Update: I got it now...
This should be reasonably fast. Warning, some pseudo-code ahead.
// accesses contains a list of id's. The latest used id is in front(),
// the oldest id is in back().
std::vector<id> accesses;
std::map<id, CachedItem*> cache;
CachedItem* get(long id) {
if (cache.has_key(id)) {
// In cache.
// Move id to front of accesses.
std::vector<id>::iterator pos = find(accesses.begin(), accesses.end(), id);
if (pos != accesses.begin()) {
accesses.erase(pos);
accesses.insert(0, id);
}
return cache[id];
}
// Not in cache, fetch and add it.
CachedItem* item = noncached_fetch(id);
accesses.insert(0, id);
cache[id] = item;
if (accesses.size() > 1000)
{
// Remove dead item.
std::vector<id>::iterator back_it = accesses.back();
cache.erase(*back_it);
accesses.pop_back();
}
return item;
}
The inserts and erases may be a little expensive, but may also not be too bad given the locality (few cache misses). Anyway, if they become a big problem, one could change to std::list.

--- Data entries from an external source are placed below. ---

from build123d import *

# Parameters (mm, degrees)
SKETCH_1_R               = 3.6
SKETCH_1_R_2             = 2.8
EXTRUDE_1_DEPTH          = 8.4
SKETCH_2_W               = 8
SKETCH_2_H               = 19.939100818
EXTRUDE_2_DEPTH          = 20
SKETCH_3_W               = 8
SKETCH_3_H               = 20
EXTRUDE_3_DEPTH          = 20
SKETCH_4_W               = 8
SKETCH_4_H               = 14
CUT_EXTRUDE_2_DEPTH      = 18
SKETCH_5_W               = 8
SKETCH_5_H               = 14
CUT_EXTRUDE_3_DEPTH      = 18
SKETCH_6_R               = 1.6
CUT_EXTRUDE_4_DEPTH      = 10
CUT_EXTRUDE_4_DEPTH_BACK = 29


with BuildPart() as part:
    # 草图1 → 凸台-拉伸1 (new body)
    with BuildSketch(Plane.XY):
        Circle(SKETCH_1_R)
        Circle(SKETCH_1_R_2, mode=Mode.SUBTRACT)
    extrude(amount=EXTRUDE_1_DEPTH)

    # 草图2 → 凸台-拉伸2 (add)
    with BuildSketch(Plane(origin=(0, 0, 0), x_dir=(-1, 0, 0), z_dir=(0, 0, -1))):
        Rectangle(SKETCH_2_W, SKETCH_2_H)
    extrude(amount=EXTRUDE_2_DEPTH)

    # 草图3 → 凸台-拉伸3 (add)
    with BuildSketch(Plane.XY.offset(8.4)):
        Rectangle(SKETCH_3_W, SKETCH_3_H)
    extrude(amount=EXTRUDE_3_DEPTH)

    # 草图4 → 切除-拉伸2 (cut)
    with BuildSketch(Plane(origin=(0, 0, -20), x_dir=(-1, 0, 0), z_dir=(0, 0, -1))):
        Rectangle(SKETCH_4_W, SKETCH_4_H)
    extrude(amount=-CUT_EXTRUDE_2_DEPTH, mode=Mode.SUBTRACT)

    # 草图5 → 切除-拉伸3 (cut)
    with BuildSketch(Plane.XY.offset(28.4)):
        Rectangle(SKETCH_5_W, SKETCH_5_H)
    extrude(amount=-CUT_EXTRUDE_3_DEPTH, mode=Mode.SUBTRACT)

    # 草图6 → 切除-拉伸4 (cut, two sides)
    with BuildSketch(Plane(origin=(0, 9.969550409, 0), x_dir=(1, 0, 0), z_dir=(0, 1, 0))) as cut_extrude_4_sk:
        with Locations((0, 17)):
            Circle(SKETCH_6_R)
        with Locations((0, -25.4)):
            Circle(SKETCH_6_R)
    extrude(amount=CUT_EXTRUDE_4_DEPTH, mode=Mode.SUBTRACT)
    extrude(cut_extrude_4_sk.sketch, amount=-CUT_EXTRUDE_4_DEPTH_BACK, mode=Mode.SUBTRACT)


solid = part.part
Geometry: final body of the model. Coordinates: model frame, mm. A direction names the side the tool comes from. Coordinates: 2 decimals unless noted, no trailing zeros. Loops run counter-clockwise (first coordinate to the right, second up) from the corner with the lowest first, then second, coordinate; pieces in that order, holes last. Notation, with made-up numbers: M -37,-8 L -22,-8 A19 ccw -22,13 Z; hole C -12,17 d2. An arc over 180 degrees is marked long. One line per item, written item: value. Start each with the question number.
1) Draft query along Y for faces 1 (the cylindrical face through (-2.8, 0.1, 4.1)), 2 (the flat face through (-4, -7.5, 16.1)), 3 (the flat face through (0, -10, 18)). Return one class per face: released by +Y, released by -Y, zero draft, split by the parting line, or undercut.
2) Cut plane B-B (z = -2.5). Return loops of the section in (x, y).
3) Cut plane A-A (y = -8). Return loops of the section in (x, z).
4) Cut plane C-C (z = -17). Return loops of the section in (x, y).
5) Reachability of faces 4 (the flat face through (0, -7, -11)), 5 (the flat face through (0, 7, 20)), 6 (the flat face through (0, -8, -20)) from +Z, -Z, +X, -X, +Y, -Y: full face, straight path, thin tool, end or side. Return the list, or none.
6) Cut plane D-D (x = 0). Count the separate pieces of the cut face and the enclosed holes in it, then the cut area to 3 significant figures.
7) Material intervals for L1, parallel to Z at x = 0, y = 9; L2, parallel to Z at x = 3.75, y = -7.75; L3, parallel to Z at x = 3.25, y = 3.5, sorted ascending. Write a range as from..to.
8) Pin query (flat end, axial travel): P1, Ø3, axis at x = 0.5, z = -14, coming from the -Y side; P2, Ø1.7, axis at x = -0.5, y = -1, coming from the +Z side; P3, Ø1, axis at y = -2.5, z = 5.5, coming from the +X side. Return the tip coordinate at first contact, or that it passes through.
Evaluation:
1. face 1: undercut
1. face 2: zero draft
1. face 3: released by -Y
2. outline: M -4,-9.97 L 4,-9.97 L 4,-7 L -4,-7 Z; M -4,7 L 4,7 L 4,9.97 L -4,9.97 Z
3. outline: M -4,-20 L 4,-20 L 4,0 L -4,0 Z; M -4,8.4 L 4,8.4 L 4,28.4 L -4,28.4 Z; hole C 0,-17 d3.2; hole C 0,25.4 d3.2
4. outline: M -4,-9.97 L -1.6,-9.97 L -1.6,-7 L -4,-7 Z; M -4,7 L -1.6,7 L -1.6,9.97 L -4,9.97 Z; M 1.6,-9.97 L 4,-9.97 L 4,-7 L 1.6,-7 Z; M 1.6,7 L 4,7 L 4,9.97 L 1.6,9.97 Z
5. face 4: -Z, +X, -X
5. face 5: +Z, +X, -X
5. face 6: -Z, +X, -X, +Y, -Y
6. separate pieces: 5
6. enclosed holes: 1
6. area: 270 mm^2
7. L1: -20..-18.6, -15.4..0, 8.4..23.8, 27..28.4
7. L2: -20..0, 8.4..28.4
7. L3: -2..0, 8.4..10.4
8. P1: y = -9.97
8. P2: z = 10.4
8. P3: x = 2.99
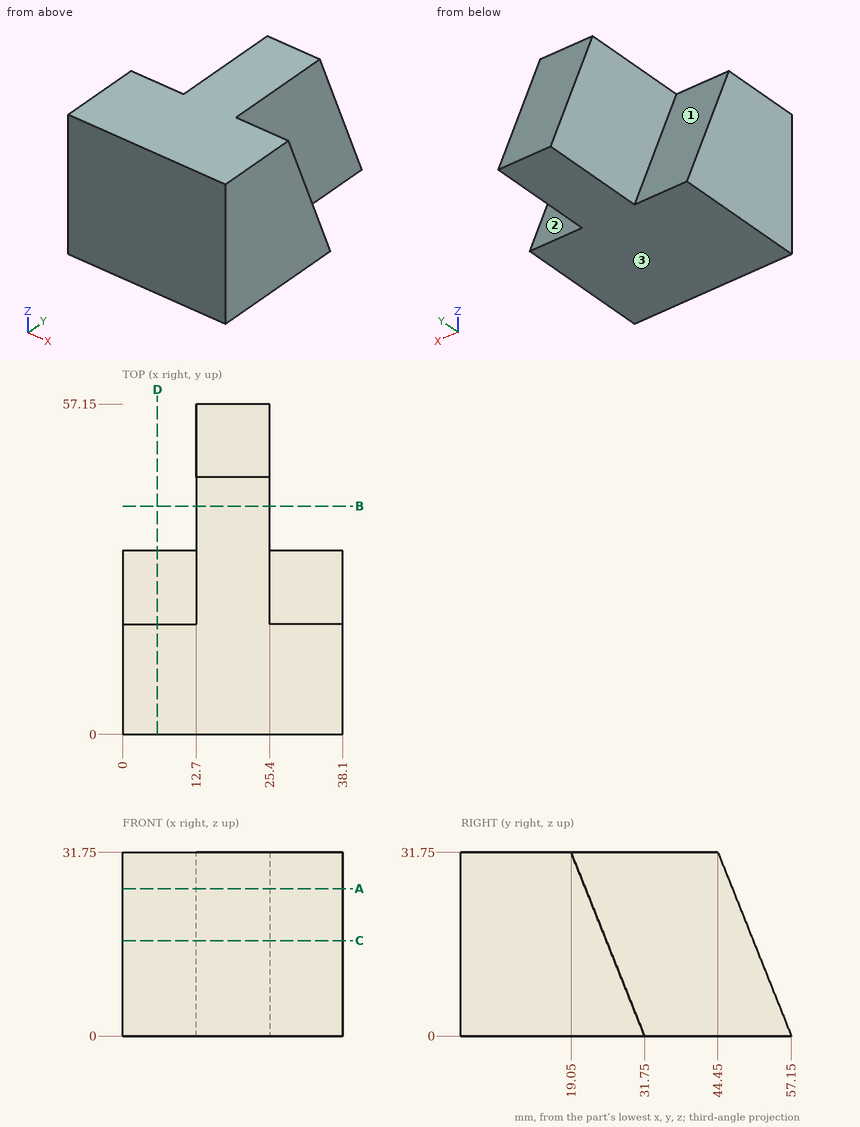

In my approach, it's needed to have a hash-table for lookup stored objects quickly and a linked-list for maintain the sequence of last used.
When an object are requested.
1) try to find a object from the hash table
2.yes) if found(the value have an pointer of the object in linked-list), move the object in linked-list to the top of the linked-list.
2.no) if not, remove last object from the linked-list and remove the data also from hash-table then put object into hash-table and top of linked-list.
For example
Let's say we have a cache memory only for 3 objects.
The request sequence is 1 3 2 1 4.
1) Hash-table : [1]
Linked-list : [1]
2) Hash-table : [1, 3]
Linked-list : [3, 1]
3) Hash-table : [1,2,3]
Linked-list : [2,3,1]
4) Hash-table : [1,2,3]
Linked-list : [1,2,3]
5) Hash-table : [1,2,4]
Linked-list : [4,1,2] => 3 out
Create a std:priority_queue<map<int, CacheEntry>::iterator>, with a comparer for the access stamp.. For an insert, first pop the last item off the queue, and erase it from the map. Than insert the new item into the map, and finally push it's iterator onto the queue.
I agree with Neil, scanning 1000 elements takes no time at all.
But if you want to do it anyway, you could just use the additional list you propose and, in order to avoid scanning the whole list each time, instead of storing just the CacheEntry in your map, you could store the CacheEntry and a pointer to the element of your list that corresponds to this entry.
As a simpler alternative, you could create a map that grows indefinitely and clears itself out every 10 minutes or so (adjust time for expected traffic).
You could also log some very interesting stats this way.
I believe this is a good candidate for treaps. The priority would be the time (virtual or otherwise), in ascending order (older at the root) and the long as the key.
There's also the second chance algorithm, that's good for caches. Although you lose search ability, it won't be a big impact if you only have 1000 items.
The naïve method would be to have a map associated with a priority queue, wrapped in a class. You use the map to search and the queue to remove (first remove from the queue, grabbing the item, and then remove by key from the map).
Another option might be to use boost::multi_index. It is designed to separate index from data and by that allowing multiple indexes on the same data.
I am not sure this really would be faster then to scan through 1000 items. It might use more memory then good. Or slow down search and/or insert/remove.